AVITA Medical Reports Q4 2025 Earnings, Beats EPS, Slightly Surpasses Revenue Forecast, Lowers FY 2026 Guidance

RCEL
February 13, 2026

AVITA Medical reported fourth‑quarter 2025 revenue of $17.6 million, a 4% decline from $18.4 million in the same period a year earlier. The company posted a net loss of $11.6 million, translating to earnings of $‑0.38 per share, which beat the consensus estimate of $‑0.36 per share by $0.02. Revenue also edged ahead of the $17.52 million forecast, a $0.08 gain that reflects modest strength in the core RECELL product line despite broader reimbursement headwinds.

Gross profit for the quarter was $14.3 million, giving a gross margin of 81.2%, down from 87.6% in Q4 2024. The margin compression is largely attributable to a shift in product mix toward lower‑margin offerings such as Cohealyx and PermeaDerm, as well as inventory‑related adjustments that reduced the average cost of goods sold.

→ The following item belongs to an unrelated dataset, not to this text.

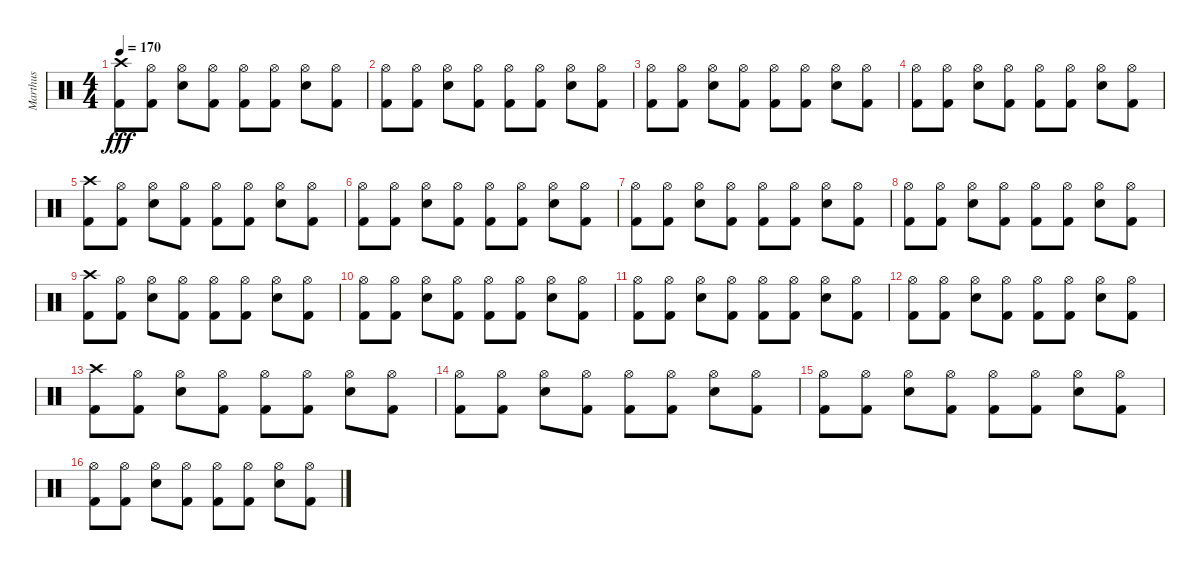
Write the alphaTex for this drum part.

Full‑year 2025 revenue reached $71.6 million, up 11% from $64.3 million in 2024. Management guided FY 2026 revenue to $80‑$85 million, a 12‑19% increase, but the guidance falls well below the $124.20 million consensus estimate, signaling a more cautious outlook amid ongoing reimbursement uncertainty.

AVITA secured a new $60 million credit facility with Perceptive Advisors, of which $50 million has been funded. The facility includes trailing‑12‑month revenue covenants of $68.5 million for Q1 2026 and $73 million for the full year, providing liquidity to support the company’s expanded wound‑care portfolio while maintaining flexible covenants.

The company faces Medicare Administrative Contractor reimbursement headwinds, but six of seven MACs have now published payment rates for RECELL, easing uncertainty for clinicians. Early signs of normalization in RECELL usage are emerging, and the mix shift to lower‑margin products is expected to add incremental gross profit without a proportional rise in operating expenses, supporting operating leverage.

Interim CEO Cary Vance emphasized a disciplined operating model and improved cash visibility, stating, “Our focus is straightforward: Do what we said we would do, report it clearly, and let execution speak for itself.” CFO David O’toole highlighted deliberate actions to reduce the operating cost base and improve cash efficiency, noting sequential improvement in cash use.”